DIRECTIONS FOR THIS TASK:
If an entry includes an image, drop the image and copy the rest verbatim.

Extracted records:

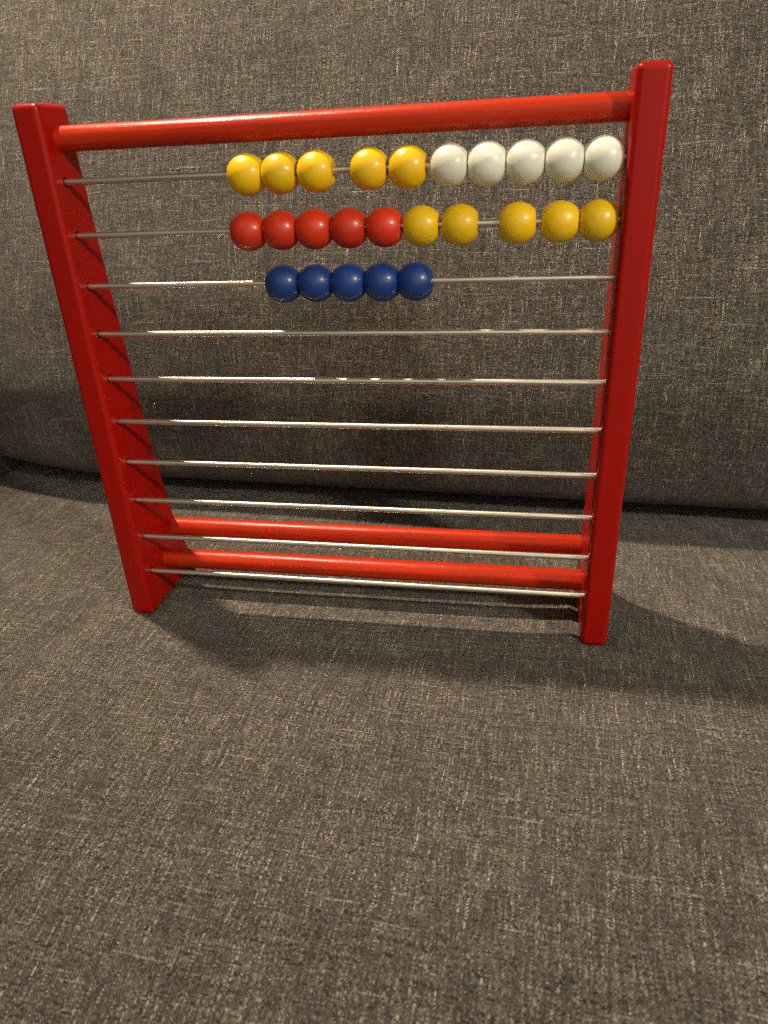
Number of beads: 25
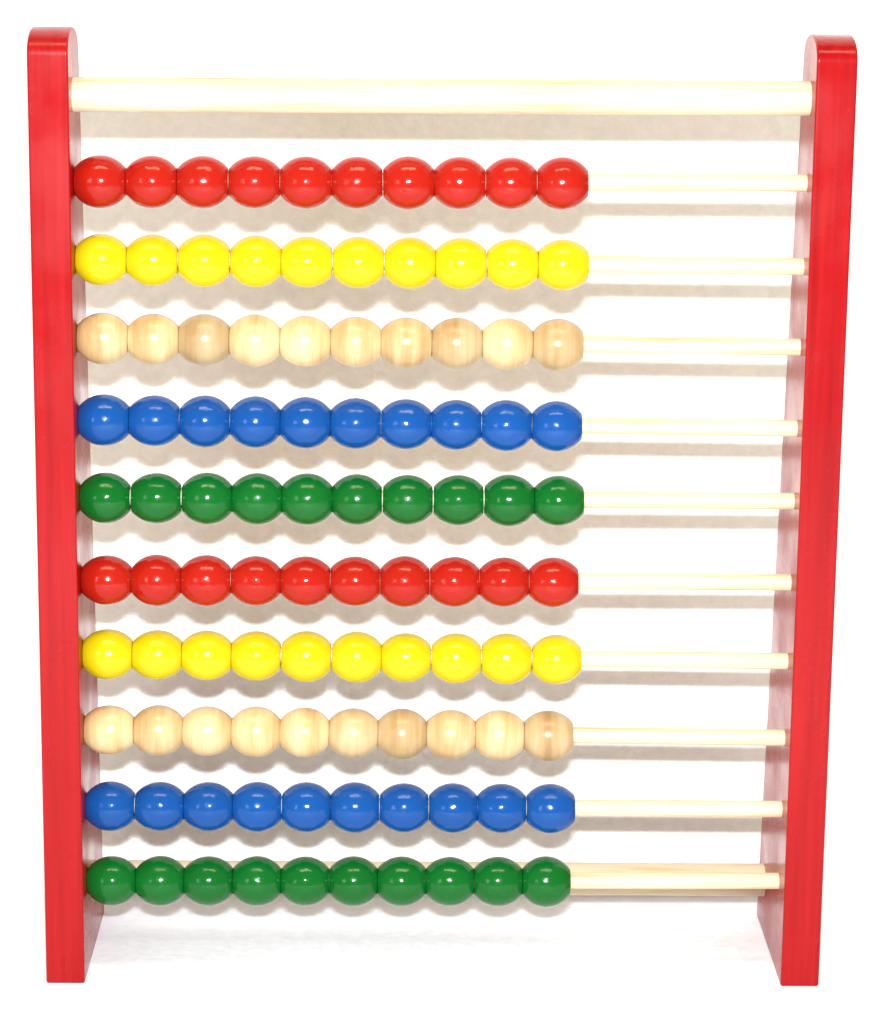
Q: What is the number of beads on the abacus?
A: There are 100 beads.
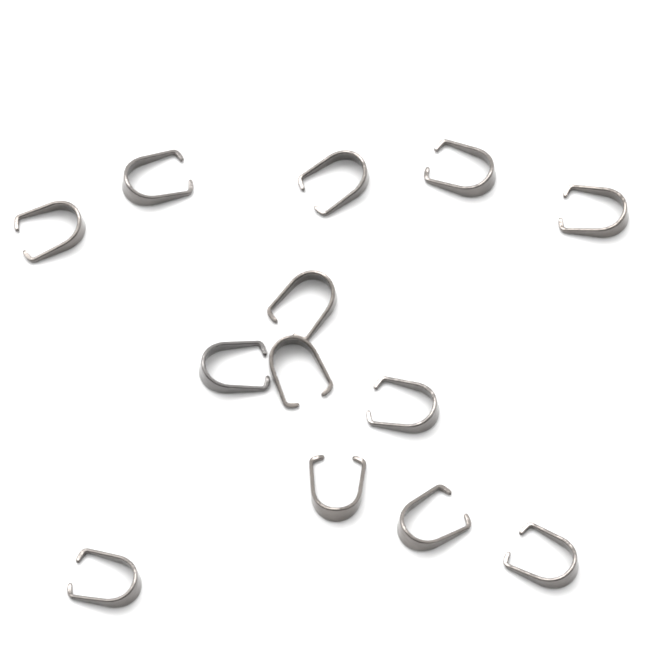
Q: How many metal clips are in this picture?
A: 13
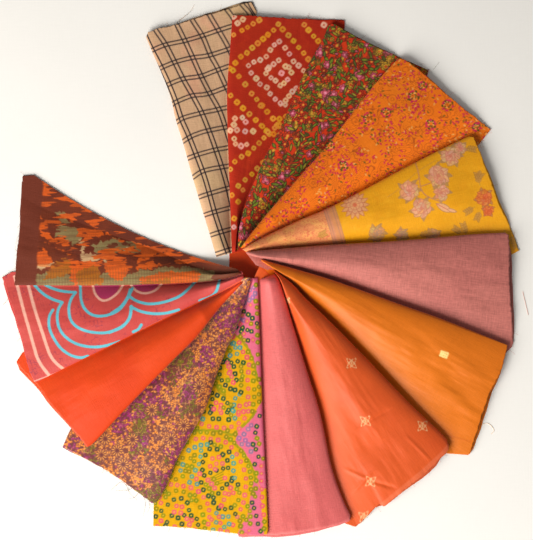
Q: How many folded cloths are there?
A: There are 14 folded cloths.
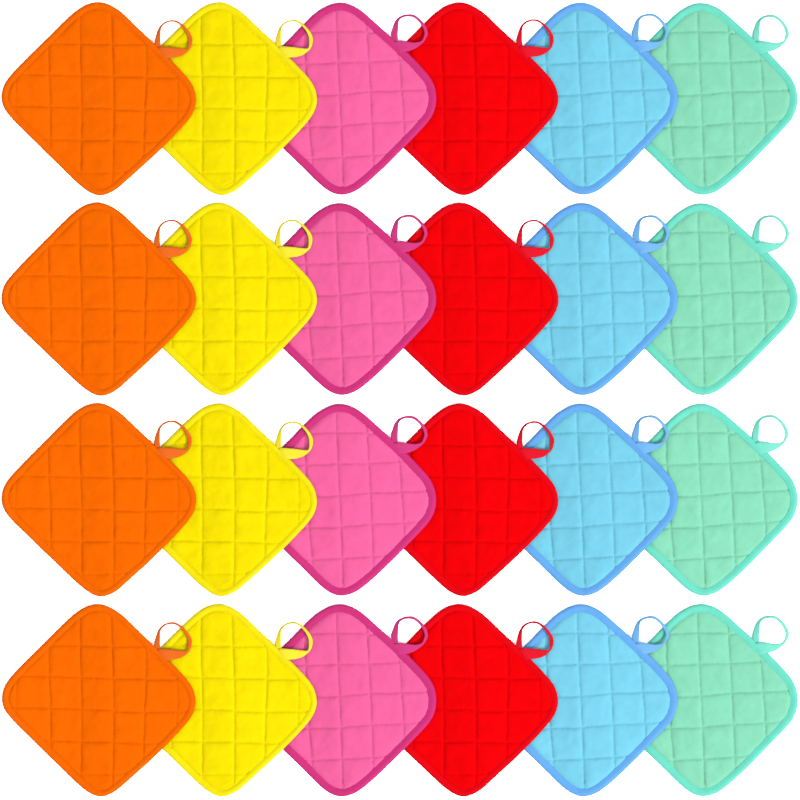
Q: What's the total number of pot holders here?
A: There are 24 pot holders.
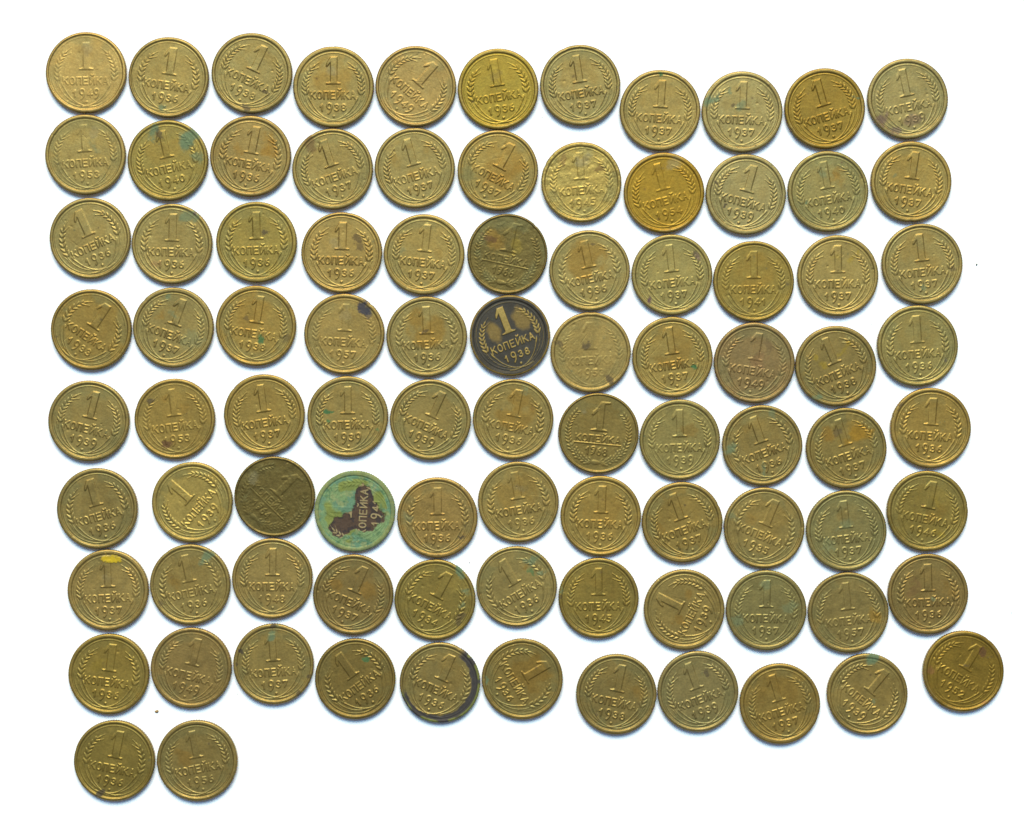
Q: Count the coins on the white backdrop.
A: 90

WRITTEN REPLY:
Number of beads: 25
Q: What is the number of beads on the abacus?
A: There are 100 beads.
Q: How many metal clips are in this picture?
A: 13
Q: How many folded cloths are there?
A: There are 14 folded cloths.
Q: What's the total number of pot holders here?
A: There are 24 pot holders.
Q: Count the coins on the white backdrop.
A: 90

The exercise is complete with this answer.